An association aimed at improving the environmental performance of British eateries has launched this week, to help the UK's 30,000 restaurants realise that being green need not necessarily be a huge burden on their budgets.
The Sustainable Restaurant Association (SRA) has been established to help the growing number of restaurants that want to improve their sustainable performance, providing them with best practice advice and a mechanism for highlighting their environmental credentials.
The SRA's managing director, Simon Heppner, said: "There is a wide range of pressures for restaurants to be more sustainable and we aim to show it doesn't have to be complicated or expensive and is instead a simple and achievable goal.
"Through responding to this challenge, restaurants can not only satisfy existing customers and gain new ones, they can also make positive changes for the environment and society and be properly rewarded for their efforts."
The association will also look to tackle the restaurant industry's poor reputation for environmental performance. According to the Environment Agency, restaurants in England and Wales throw away three million tonnes of food waste and 600,000 tonnes of glass every year, while using enough water to fill more than 104,000 Olympic-sized swimming pools.
The association is the brainchild of Giles Gibbon, CEO and founder of corporate social responsibility consultancy Good Business; Mark Sainsbury, founder of Moro and The Zetter Hotel; and Henry Dimbleby, founder of Leon.
Several high-profile restaurants and chains have also become founder members, including Carluccio's, Le Manoir aux Quat'Saisons, Caffe Caldesi, Due South, the Seahorse Restaurant, and Feng Sushi.

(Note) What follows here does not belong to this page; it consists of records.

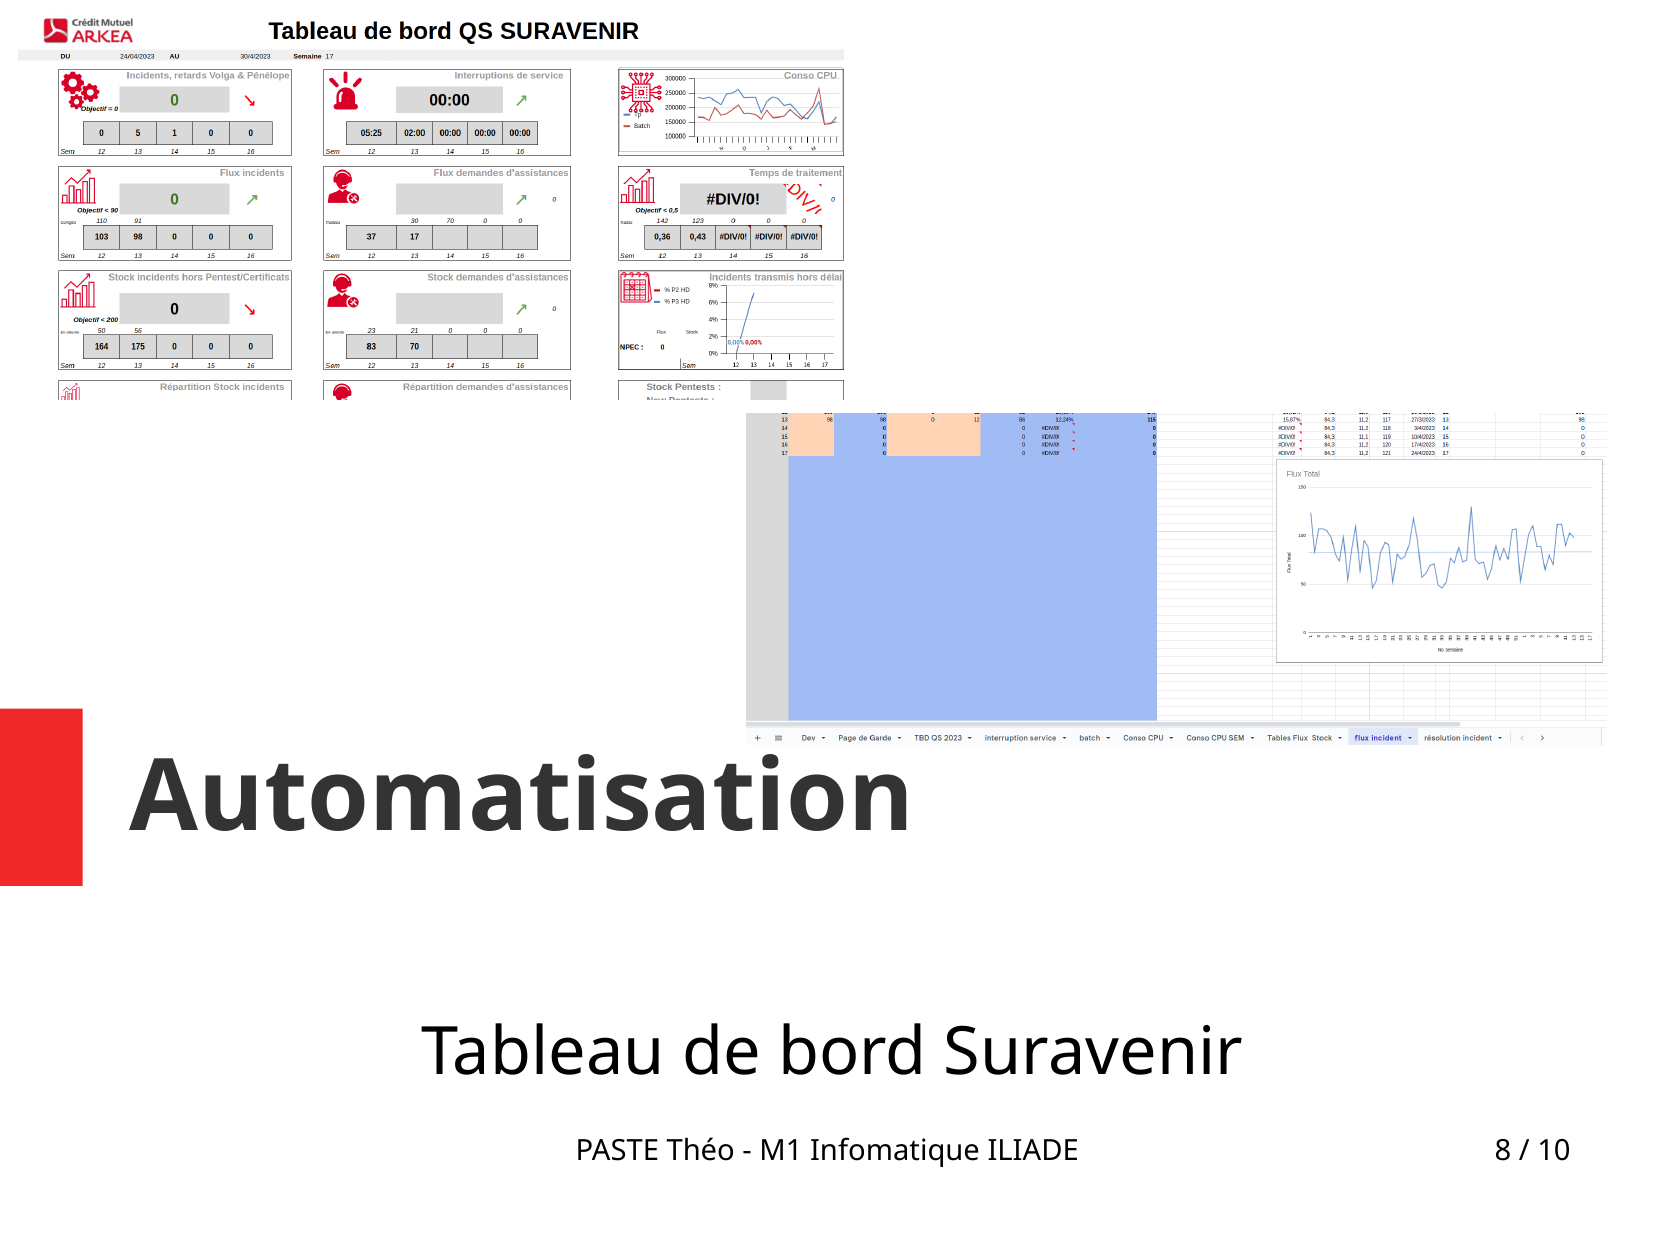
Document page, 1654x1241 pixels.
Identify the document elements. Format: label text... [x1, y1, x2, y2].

title Automatisation [129, 673, 1536, 910]
picture [18, 11, 863, 400]
picture [746, 413, 1607, 745]
subtitle Tableau de bord Suravenir [129, 968, 1536, 1130]

To qualify for membership, restaurants must meet at least three criteria from a comprehensive list covering 14 broad sustainability and environmental areas outlined by the SRA. Once in the group, restaurants are entitled to display a " We're at the table" sticker.
The group said it wanted to help as many restaurants as possible and as a result had kept membership terms and conditions as "simple and flexible as possible". However, in order to ensure that the association continues to drive improvements across its membership, restaurants must meet three additional criteria every year if they want to renew their membership.
The criteria cover areas including ethical and sustainable food sourcing, environmentally positive farming, supply chain actions such as insisting that suppliers use less packaging and asking them about their own environmental, social and ethical policies and energy efficiency actions, and community engagement.